-- LISTED RECORDS --
——————————

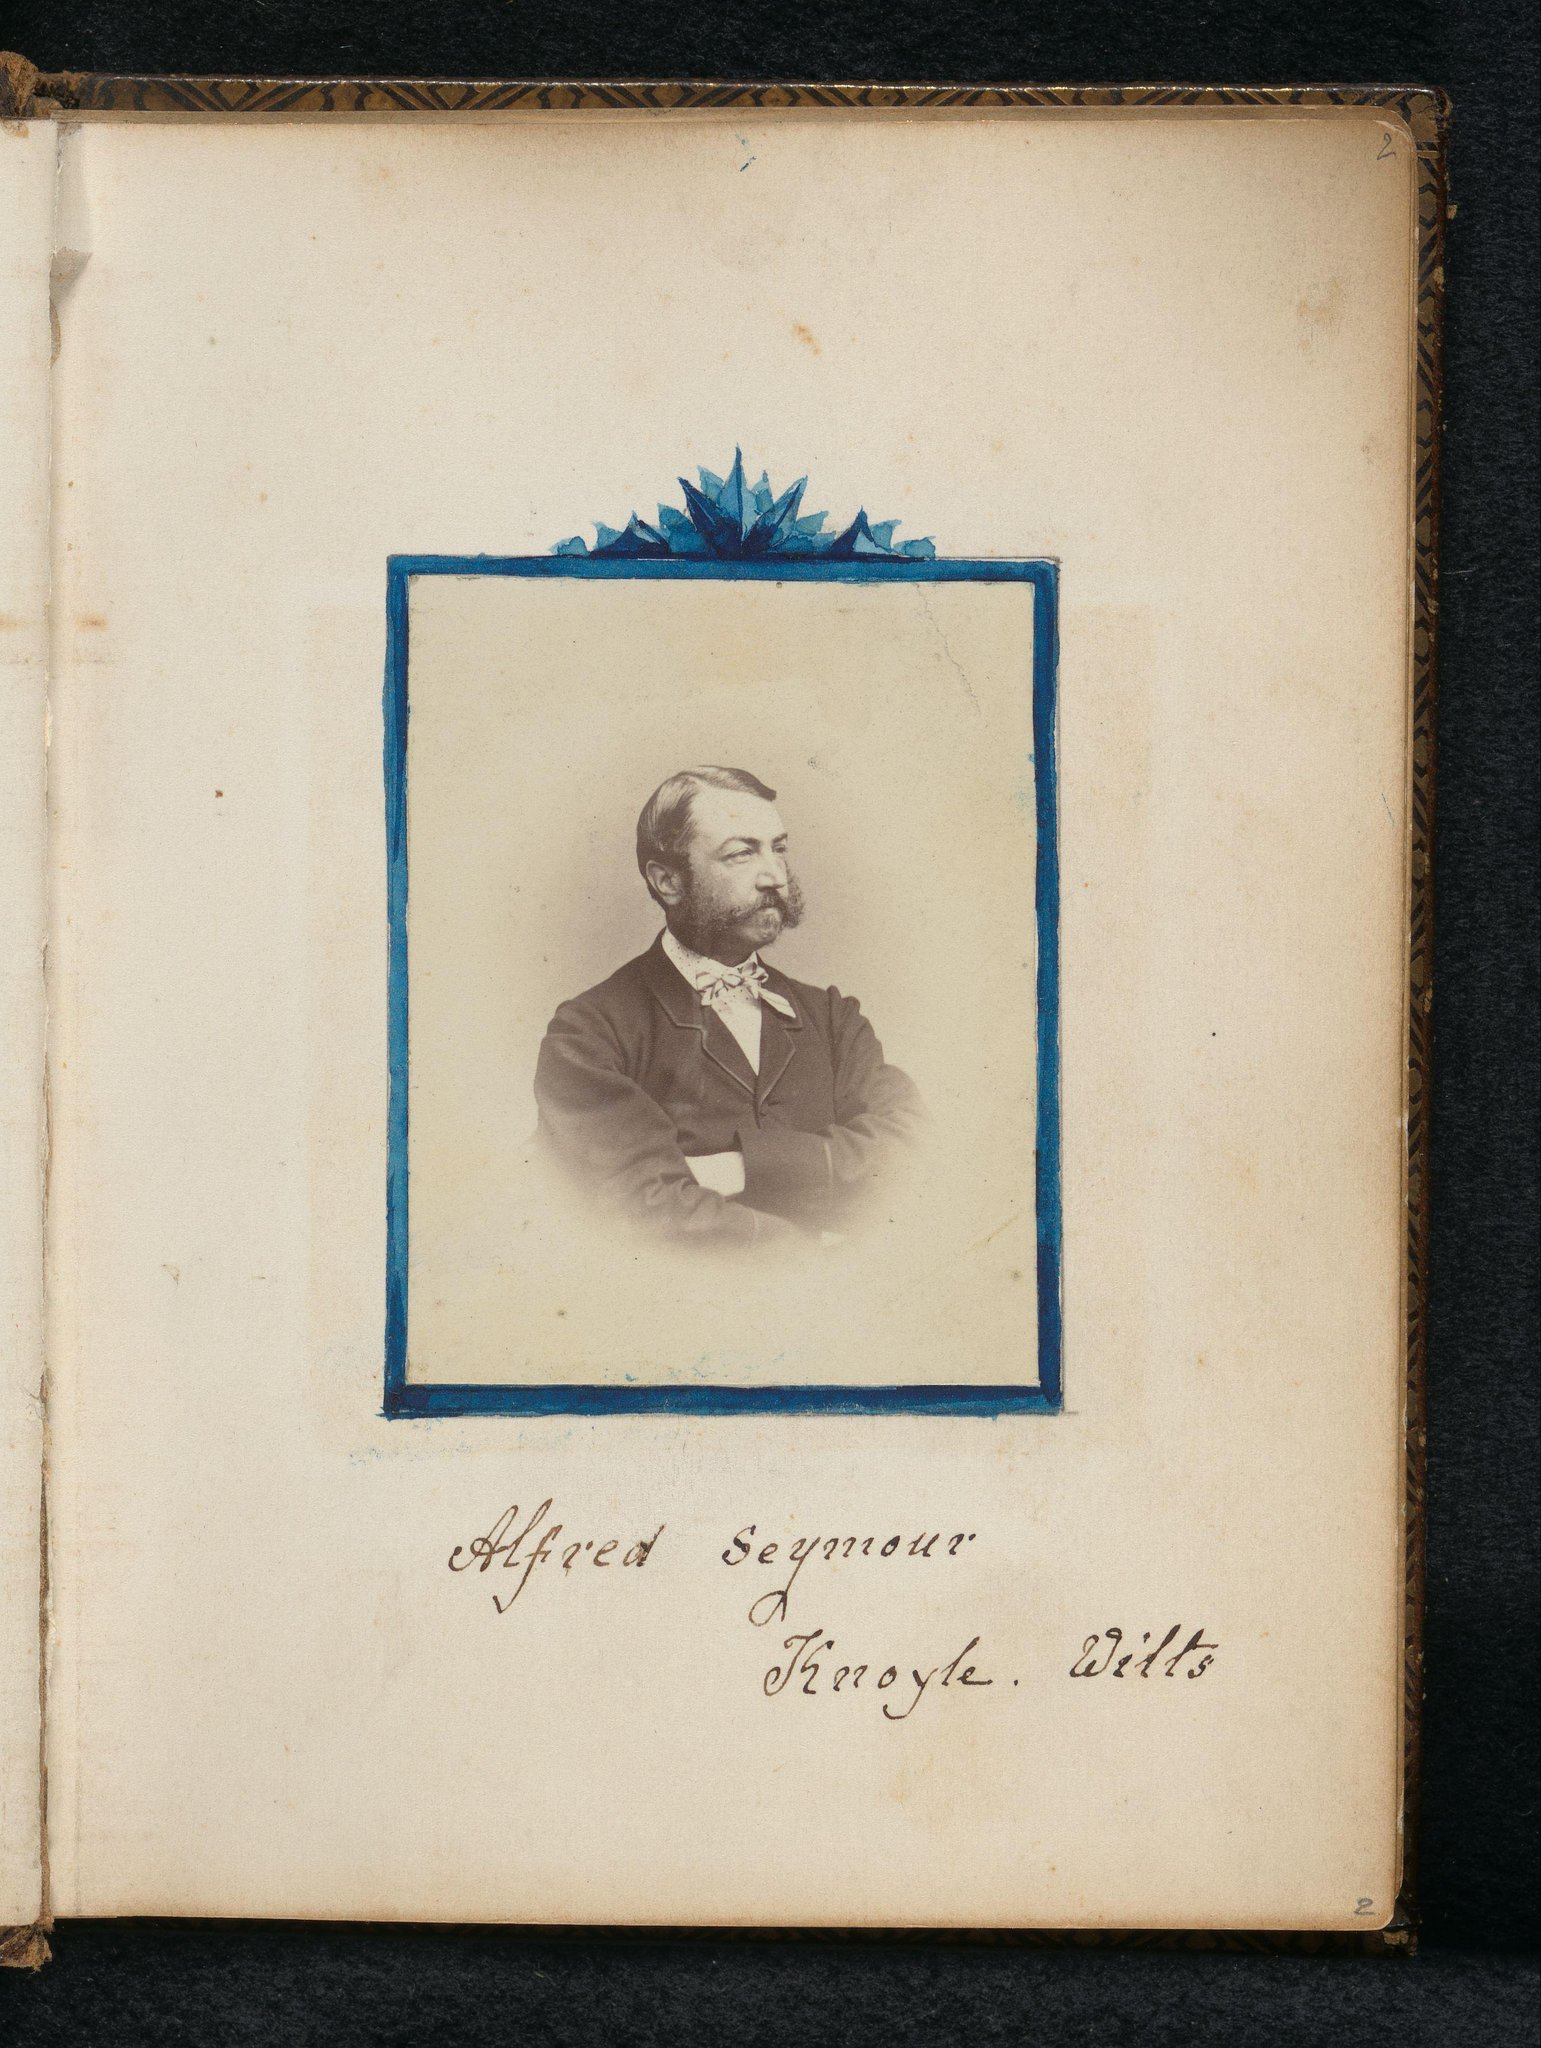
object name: photograph
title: Alfred Seymour / Knoyle Wilts.
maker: Anonymous
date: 1865-1867
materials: cardboard, photographic support, watercolor
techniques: albumen print, aquarelle
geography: england
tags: historical persons
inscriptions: annotation: ‘Alfred Seymour / Knoyle Wilts.’
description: Portret van de politicus Alfred Seymour. Foto op albumblad in album met 68 foto's merendeels met geaquarelleerde randversieringen. Het zijn voornamelijk portretten op carte-de-visite formaat.
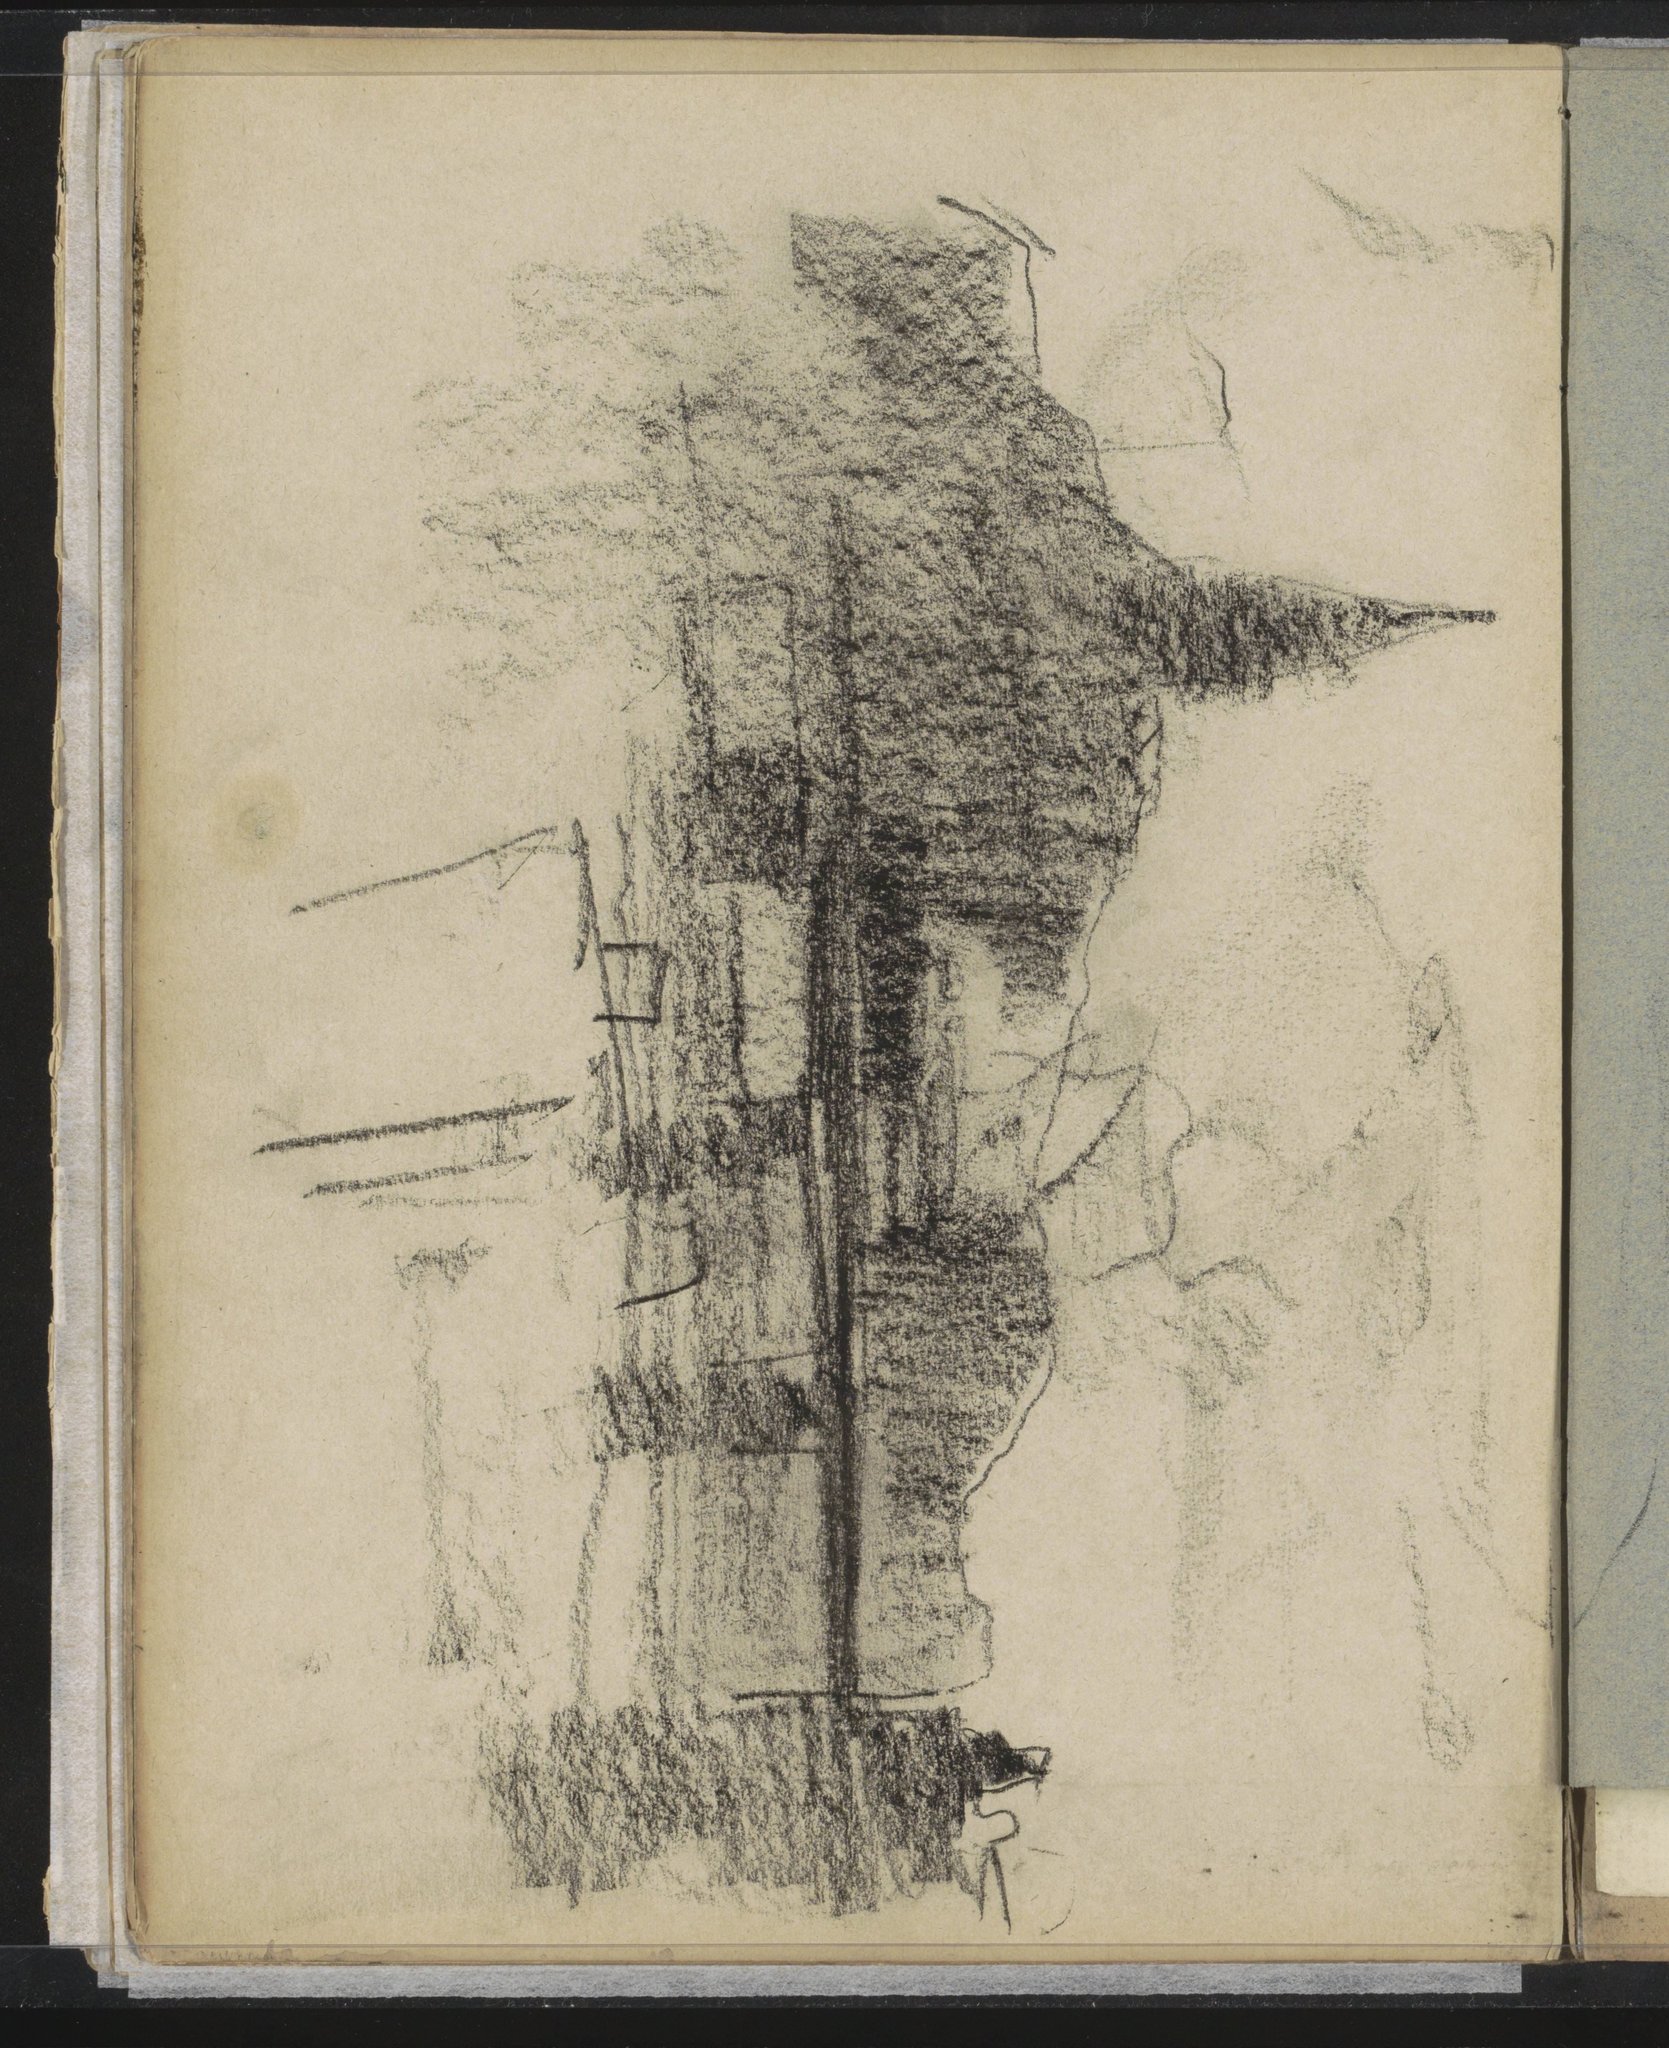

——————————

-- PROBLEM TO SOLVE --
Write out exactly, and only, the lines from the line holding "techniques: albumen print, aquarelle" through the end of the data, inclusive, without any pictures.

-- RESULT OF THIS EXERCISE --
techniques: albumen print, aquarelle
geography: england
tags: historical persons
inscriptions: annotation: ‘Alfred Seymour / Knoyle Wilts.’
description: Portret van de politicus Alfred Seymour. Foto op albumblad in album met 68 foto's merendeels met geaquarelleerde randversieringen. Het zijn voornamelijk portretten op carte-de-visite formaat.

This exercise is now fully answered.